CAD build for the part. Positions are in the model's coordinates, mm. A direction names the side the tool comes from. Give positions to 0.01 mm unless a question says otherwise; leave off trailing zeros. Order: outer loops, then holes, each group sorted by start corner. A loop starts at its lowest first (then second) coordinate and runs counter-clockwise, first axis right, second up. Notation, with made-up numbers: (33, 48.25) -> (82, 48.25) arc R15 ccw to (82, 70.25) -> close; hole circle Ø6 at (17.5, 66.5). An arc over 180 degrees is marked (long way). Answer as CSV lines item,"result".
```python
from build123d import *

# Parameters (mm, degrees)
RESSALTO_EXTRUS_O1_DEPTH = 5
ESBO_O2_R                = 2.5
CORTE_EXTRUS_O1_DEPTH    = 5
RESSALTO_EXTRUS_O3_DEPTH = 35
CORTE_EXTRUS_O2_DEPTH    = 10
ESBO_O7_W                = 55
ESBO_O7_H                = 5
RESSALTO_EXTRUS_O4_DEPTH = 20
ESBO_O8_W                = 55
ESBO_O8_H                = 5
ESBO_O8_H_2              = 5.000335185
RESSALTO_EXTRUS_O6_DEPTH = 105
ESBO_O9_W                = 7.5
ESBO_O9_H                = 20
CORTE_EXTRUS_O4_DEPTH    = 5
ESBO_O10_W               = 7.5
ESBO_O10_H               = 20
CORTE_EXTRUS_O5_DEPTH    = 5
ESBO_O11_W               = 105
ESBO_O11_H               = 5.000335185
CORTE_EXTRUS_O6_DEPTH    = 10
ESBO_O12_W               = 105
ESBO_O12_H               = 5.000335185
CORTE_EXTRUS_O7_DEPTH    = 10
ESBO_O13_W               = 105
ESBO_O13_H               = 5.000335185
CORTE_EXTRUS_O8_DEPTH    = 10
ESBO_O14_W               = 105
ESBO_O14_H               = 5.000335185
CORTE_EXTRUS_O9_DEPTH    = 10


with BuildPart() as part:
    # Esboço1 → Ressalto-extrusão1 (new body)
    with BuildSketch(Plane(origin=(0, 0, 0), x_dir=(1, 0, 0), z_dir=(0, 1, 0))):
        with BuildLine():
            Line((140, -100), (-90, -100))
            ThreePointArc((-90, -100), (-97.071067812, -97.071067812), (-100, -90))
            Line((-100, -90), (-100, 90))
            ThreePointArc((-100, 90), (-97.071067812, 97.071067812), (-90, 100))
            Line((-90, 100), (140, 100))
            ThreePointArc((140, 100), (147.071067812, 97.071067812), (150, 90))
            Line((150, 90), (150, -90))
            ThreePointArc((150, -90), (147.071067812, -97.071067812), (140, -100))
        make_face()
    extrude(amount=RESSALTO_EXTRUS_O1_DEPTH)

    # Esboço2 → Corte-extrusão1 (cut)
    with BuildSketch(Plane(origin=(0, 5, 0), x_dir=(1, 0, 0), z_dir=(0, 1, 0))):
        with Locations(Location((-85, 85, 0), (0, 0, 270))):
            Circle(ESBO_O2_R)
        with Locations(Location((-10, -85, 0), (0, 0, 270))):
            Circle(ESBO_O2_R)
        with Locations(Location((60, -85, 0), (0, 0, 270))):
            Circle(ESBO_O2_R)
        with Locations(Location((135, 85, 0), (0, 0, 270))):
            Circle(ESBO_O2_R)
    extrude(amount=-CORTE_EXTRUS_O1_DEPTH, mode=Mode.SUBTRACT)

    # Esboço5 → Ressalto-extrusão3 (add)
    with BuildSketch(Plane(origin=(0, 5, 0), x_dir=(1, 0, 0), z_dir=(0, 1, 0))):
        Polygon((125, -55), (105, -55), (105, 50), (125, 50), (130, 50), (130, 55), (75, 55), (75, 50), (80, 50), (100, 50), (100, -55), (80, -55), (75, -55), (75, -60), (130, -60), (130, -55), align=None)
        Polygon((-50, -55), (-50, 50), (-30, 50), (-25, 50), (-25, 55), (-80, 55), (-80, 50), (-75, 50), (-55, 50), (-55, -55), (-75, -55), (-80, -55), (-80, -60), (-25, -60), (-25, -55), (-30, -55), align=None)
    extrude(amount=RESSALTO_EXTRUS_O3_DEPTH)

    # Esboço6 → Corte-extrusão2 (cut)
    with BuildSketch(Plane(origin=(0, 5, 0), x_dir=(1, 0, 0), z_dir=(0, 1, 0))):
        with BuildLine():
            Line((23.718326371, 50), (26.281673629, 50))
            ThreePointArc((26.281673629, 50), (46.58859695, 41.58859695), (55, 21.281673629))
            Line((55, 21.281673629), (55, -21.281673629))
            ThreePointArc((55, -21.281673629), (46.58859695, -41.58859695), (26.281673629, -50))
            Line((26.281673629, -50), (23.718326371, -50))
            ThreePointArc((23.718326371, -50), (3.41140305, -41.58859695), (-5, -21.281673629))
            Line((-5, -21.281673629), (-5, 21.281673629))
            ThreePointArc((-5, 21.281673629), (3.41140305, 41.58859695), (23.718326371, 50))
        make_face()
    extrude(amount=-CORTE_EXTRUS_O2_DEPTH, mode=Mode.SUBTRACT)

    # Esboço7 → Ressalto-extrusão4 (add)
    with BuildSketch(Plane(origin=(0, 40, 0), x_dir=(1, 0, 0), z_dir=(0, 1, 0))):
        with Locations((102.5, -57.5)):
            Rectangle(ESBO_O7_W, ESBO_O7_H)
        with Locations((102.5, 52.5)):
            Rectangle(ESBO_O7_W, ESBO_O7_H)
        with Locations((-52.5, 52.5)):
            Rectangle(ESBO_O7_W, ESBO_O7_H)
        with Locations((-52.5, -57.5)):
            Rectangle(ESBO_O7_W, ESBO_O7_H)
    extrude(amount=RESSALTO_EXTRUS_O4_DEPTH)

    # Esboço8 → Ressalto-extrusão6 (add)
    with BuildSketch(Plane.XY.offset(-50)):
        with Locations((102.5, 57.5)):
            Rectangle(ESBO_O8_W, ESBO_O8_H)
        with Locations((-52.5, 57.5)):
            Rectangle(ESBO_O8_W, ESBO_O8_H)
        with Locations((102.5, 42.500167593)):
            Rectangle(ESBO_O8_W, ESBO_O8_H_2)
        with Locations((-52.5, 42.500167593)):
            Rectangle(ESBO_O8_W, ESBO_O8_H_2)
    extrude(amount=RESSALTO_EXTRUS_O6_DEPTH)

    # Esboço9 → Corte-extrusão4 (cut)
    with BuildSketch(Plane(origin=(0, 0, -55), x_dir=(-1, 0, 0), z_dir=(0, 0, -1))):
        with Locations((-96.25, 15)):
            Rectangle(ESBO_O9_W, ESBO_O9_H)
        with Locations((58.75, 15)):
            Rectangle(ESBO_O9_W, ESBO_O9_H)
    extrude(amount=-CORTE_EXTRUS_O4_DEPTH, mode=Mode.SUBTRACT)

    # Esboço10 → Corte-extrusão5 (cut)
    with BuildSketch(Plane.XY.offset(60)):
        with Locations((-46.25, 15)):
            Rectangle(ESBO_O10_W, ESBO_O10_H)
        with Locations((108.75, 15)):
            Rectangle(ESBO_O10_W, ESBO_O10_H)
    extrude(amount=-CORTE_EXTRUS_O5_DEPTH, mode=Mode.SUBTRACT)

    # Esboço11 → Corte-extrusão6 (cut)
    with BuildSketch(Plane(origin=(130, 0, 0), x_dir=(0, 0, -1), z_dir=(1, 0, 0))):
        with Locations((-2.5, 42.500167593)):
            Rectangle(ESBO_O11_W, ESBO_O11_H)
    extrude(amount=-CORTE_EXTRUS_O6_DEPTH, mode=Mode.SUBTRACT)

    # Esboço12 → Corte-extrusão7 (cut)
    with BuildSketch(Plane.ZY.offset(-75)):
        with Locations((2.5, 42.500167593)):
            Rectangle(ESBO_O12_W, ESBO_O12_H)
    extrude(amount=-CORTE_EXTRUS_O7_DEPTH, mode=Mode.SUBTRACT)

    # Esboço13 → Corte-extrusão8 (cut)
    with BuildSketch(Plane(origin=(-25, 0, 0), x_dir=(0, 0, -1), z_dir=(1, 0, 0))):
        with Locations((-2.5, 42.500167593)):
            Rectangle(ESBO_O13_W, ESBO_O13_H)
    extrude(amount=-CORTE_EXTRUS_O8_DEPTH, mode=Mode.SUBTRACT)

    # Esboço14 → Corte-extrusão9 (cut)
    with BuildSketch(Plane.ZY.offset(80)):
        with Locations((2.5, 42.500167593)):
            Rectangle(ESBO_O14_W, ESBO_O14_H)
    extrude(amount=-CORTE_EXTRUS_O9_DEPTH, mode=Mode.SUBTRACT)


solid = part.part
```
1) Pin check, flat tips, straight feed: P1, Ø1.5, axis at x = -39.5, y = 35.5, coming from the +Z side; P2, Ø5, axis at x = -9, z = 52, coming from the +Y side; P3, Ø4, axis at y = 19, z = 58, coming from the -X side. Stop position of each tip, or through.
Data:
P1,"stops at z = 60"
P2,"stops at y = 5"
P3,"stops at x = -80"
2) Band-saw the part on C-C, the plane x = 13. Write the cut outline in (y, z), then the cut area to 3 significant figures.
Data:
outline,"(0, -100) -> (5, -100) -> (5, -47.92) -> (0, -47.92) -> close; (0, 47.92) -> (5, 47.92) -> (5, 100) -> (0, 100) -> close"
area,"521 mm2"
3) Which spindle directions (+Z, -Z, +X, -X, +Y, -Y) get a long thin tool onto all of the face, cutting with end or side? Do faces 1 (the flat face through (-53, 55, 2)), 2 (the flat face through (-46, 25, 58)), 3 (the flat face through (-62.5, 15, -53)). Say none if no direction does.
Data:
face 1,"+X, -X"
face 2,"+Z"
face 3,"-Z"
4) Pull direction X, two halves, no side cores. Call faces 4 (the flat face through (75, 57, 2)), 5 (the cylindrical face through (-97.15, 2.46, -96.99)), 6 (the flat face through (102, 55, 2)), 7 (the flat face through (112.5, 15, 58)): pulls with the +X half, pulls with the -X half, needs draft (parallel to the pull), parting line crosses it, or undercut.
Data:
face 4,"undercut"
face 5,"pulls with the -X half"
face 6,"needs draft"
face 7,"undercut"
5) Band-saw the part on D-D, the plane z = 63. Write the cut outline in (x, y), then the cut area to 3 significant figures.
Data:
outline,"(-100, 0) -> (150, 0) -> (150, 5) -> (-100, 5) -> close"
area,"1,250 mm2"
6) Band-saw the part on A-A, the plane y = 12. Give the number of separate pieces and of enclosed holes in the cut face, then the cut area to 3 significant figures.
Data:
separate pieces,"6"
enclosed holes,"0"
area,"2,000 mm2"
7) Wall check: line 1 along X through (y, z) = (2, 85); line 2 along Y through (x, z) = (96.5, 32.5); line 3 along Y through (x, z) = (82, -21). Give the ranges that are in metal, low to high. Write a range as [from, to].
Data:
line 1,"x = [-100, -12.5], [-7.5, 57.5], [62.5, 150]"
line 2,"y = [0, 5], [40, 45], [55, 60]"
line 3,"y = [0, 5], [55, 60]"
• • • • •
* _Required action_: Extract each line holding the word "align" from the records.

* _Output of the exercise_:
        Polygon((125, -55), (105, -55), (105, 50), (125, 50), (130, 50), (130, 55), (75, 55), (75, 50), (80, 50), (100, 50), (100, -55), (80, -55), (75, -55), (75, -60), (130, -60), (130, -55), align=None)
        Polygon((-50, -55), (-50, 50), (-30, 50), (-25, 50), (-25, 55), (-80, 55), (-80, 50), (-75, 50), (-55, 50), (-55, -55), (-75, -55), (-80, -55), (-80, -60), (-25, -60), (-25, -55), (-30, -55), align=None)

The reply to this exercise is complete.